Müminlerin ilim yolundaki öncü emiri: Hazreti Ali(e)

Harici Abdurrahman bin Mülcem’in lanetullahın zehirli bir hançerle sabah namazında saldırması sonucu 1360 yıl önce vefat eden Hazreti Ali(e), Kur’an-ı Kerim ve hadis konusundaki derin bilgisi dolayısıyla sahabenin ve İslam aleminin ilim yolundaki öncülerinden oldu.
Diyanet İşleri Başkanlığı Din İşleri Yüksek Kurulu Uzmanı Salih Şengezer, “Hazreti Ali(e), Kur’an-ı Kerim hakkındaki engin bilgisinden insanları mahrum bırakmamıştır. Ayetlerle ilgili detayları hatırında tuttuğunu bizzat ifade etmiştir. Kur’an-ı Kerim’in tamamını ezberlemiş olduğu gibi anlamlarına da hakkıyla vakıf olan az sayıda kişiden olmuştur.” dedi.

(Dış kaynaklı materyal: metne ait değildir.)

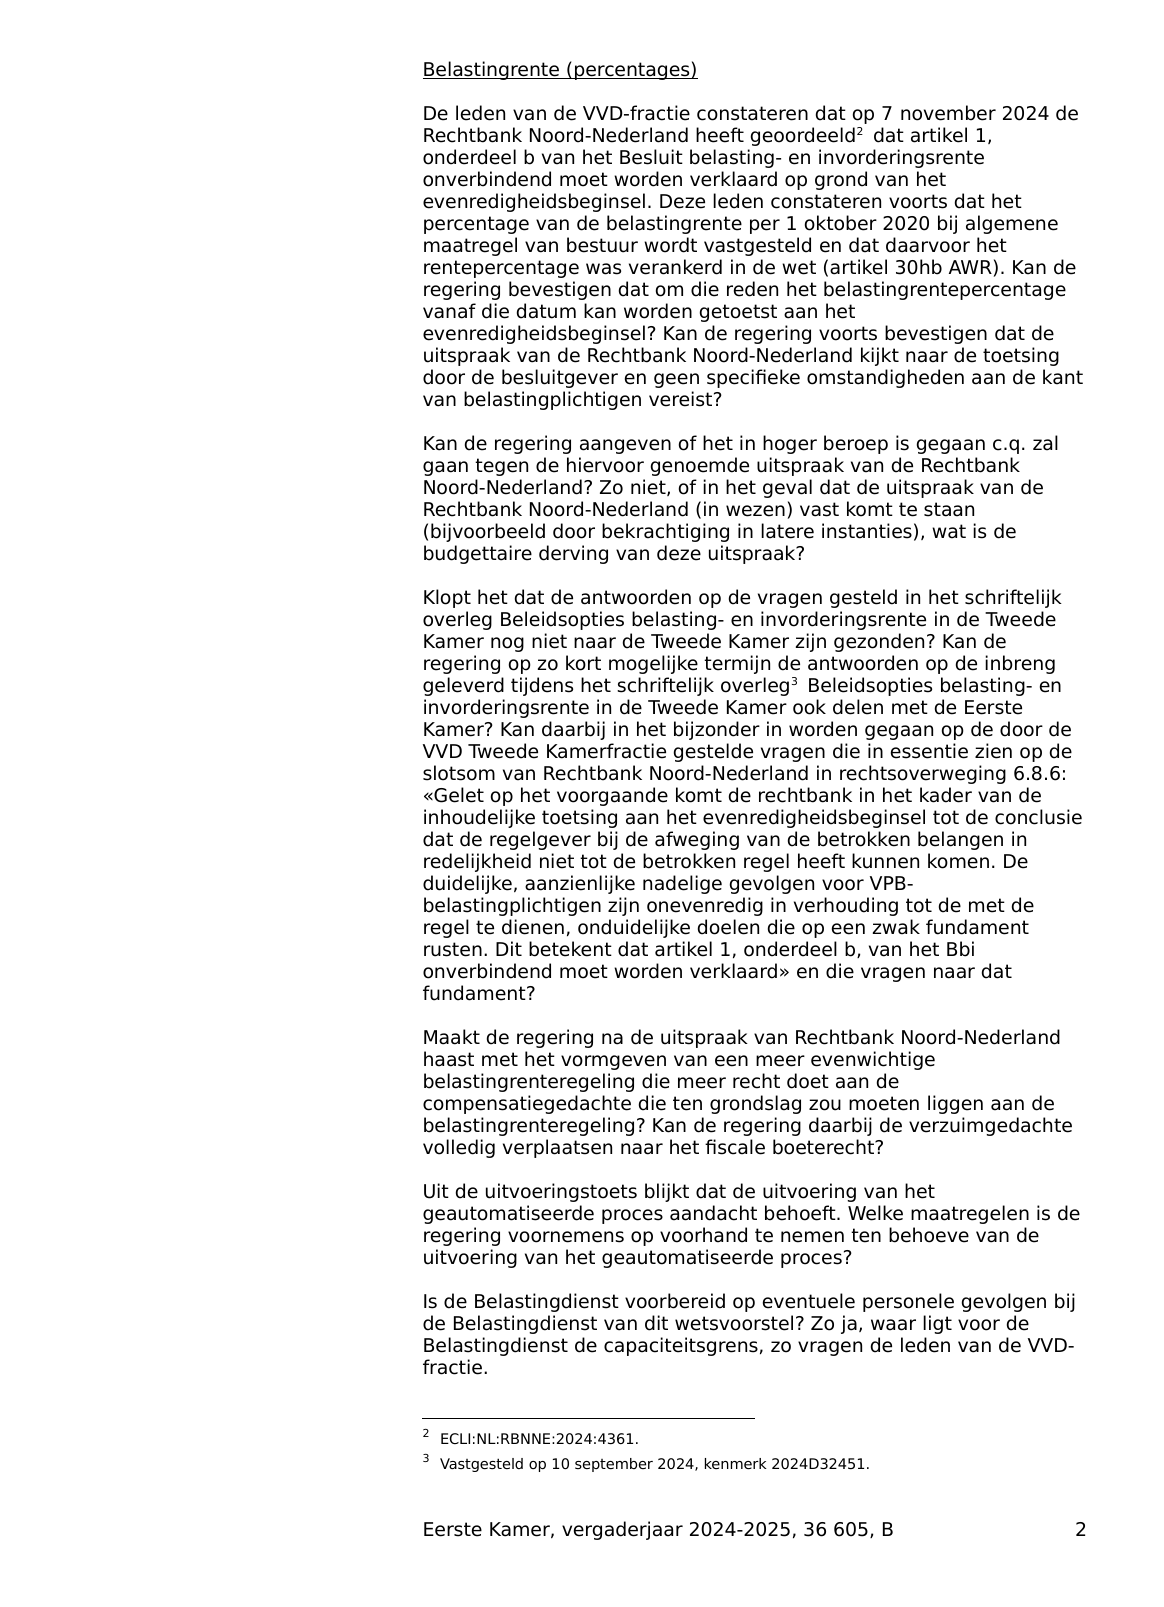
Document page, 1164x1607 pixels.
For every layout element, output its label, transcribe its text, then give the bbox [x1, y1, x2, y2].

Şengezer, Hazreti Muhammed‘in(s.a) peygamberliğine ilk iman eden sahabelerden olan İslam’ın dördüncü halifesi Hazreti Ali’nin(e) vefatının 1360’ıncı yılı dolayısıyla AA muhabirine yaptığı açıklamada, dini anlamda ilmin kaynağı olan Allah’ın, katındaki ilmi melekleri aracılığıyla peygamberlere, peygamberlerin de inananları vasıtasıyla sonraki nesillere aktardığını belirtti.

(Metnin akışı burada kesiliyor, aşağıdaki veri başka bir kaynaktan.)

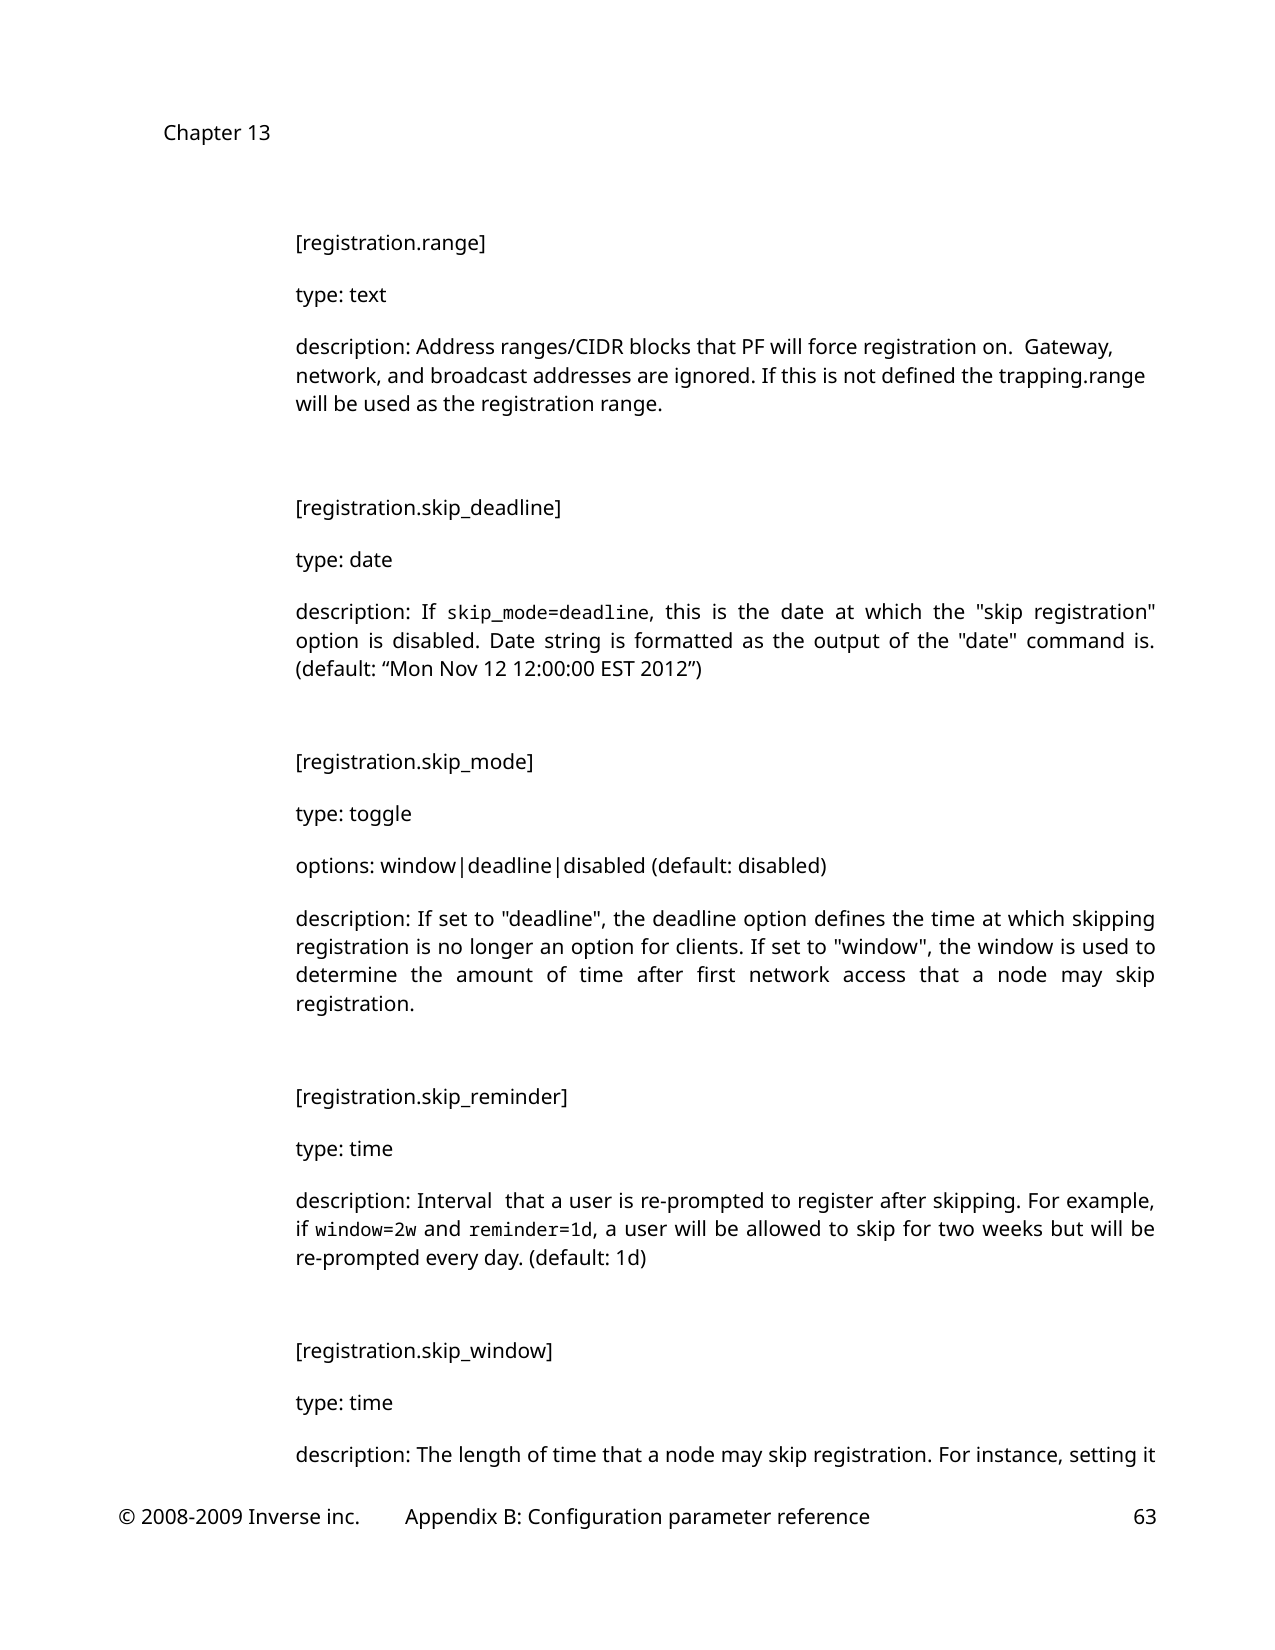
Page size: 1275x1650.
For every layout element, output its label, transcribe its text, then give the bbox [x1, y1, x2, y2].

text type: date [295, 545, 1157, 574]
text description: Interval that a user is re-prompted to register after skipping. For example, if window=2w and reminder=1d, a user will be allowed to skip for two weeks but will be re-prompted every day. (default: 1d) [295, 1186, 1157, 1271]
text type: text [295, 280, 1157, 309]
text [registration.range] [295, 228, 1157, 257]
text type: time [295, 1388, 1157, 1417]
text description: The length of time that a node may skip registration. For instance, setting it [295, 1440, 1157, 1469]
text description: Address ranges/CIDR blocks that PF will force registration on. Gateway, network, and broadcast addresses are ignored. If this is not defined the trapping.range will be used as the registration range. [295, 332, 1157, 418]
text [registration.skip_deadline] [295, 493, 1157, 522]
text [registration.skip_mode] [295, 747, 1157, 776]
text description: If set to "deadline", the deadline option defines the time at which skipping registration is no longer an option for clients. If set to "window", the window is used to determine the amount of time after first network access that a node may skip registration. [295, 904, 1157, 1017]
text type: time [295, 1134, 1157, 1162]
text [registration.skip_window] [295, 1336, 1157, 1364]
text description: If skip_mode=deadline, this is the date at which the "skip registration" option is disabled. Date string is formatted as the output of the "date" command is. (default: “Mon Nov 12 12:00:00 EST 2012”) [295, 597, 1157, 683]
text options: window|deadline|disabled (default: disabled) [295, 852, 1157, 880]
text type: toggle [295, 799, 1157, 828]
text [registration.skip_reminder] [295, 1082, 1157, 1110]

İslam tarihinde de bu ilmi intikalin Hazreti Muhammed’in(s.a) ashabı tarafından yerine getirildiğini hatırlatan Şengezer, küçük yaştan itibaren Hazreti Muhammed’in(s.a) gölgesinde yetişen Hazreti Ali’nin(e) ashabı kiram arasında dini ilimlerde otorite olarak kabul edildiğini söyledi.

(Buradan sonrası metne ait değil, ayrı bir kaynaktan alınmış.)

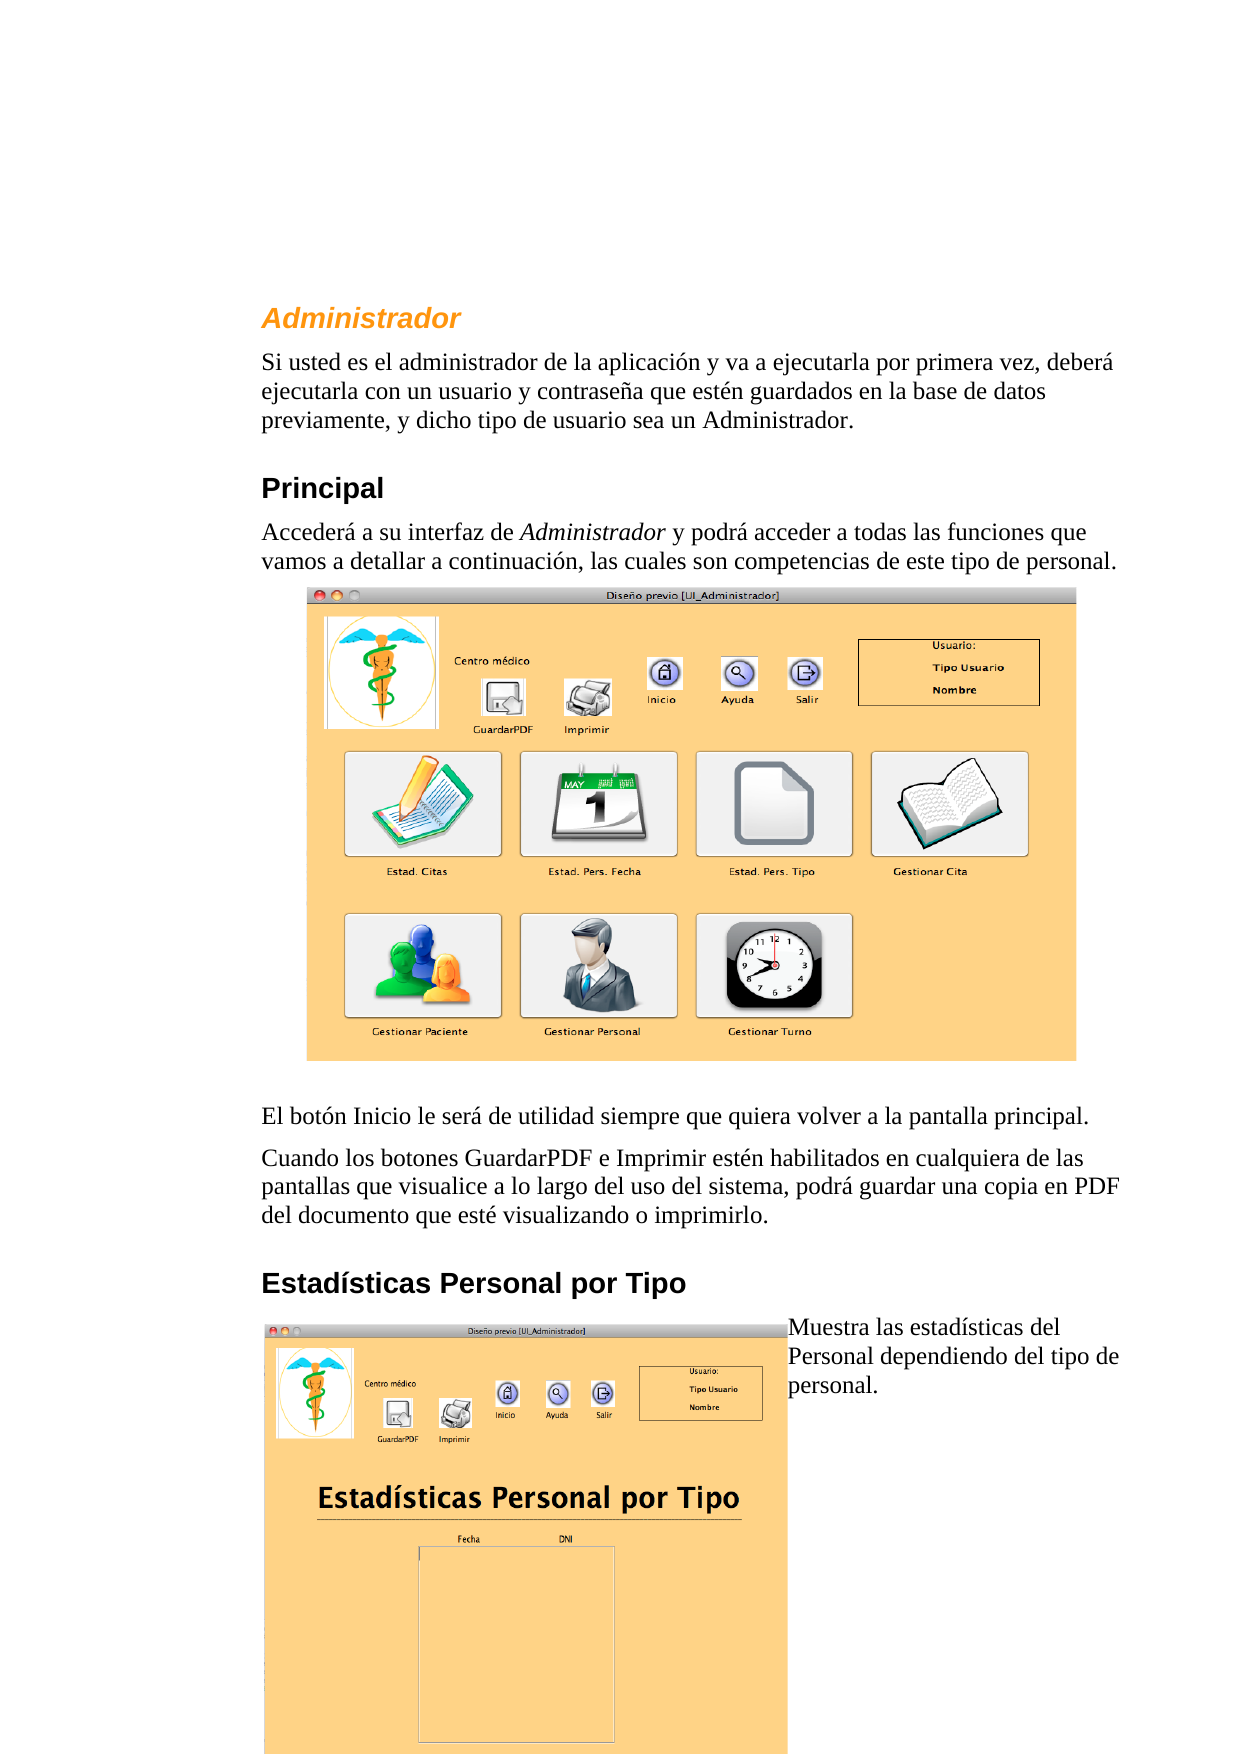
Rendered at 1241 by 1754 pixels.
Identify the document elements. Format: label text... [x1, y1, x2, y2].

picture [264, 1324, 788, 1754]
subtitle Principal [261, 471, 1122, 505]
text Accederá a su interfaz de Administrador y podrá acceder a todas las funciones que vamos a detallar a continuación, las cuales son competencias de este tipo de personal. [261, 517, 1122, 575]
text Cuando los botones GuardarPDF e Imprimir estén habilitados en cualquiera de las pantallas que visualice a lo largo del uso del sistema, podrá guardar una copia en PDF del documento que esté visualizando o imprimirlo. [261, 1143, 1122, 1229]
picture [306, 587, 1077, 1061]
subtitle Administrador [261, 301, 1122, 335]
subtitle Estadísticas Personal por Tipo [261, 1266, 1122, 1300]
text Si usted es el administrador de la aplicación y va a ejecutarla por primera vez, deberá ejecutarla con un usuario y contraseña que estén guardados en la base de datos previamente, y dicho tipo de usuario sea un Administrador. [261, 347, 1122, 434]
text El botón Inicio le será de utilidad siempre que quiera volver a la pantalla principal. [261, 1101, 1122, 1130]
text Muestra las estadísticas del Personal dependiendo del tipo de personal. [261, 1312, 1122, 1399]

Şengezer, Hazreti Ali’nin(e) Hazreti Muhammed’den(a.s) naklettiği 586 rivayetin bu ilmi birikimi gösteren en önemli unsur olduğuna işaret ederek, “Hazreti Ali(e), Kur’an-ı Kerim hakkındaki engin bilgisinden de insanları mahrum bırakmamıştır. Ayetlerle ilgili detayları hatırında tuttuğunu bizzat ifade etmiştir. Kur’an-ı Kerim’in tamamını ezberlemiş olduğu gibi anlamlarına da hakkıyla vakıf olan az sayıda kişiden olmuştur.” diye konuştu.
“Hazreti Ali(e), Efendimiz’den pek çok ilmi hakikati almıştır”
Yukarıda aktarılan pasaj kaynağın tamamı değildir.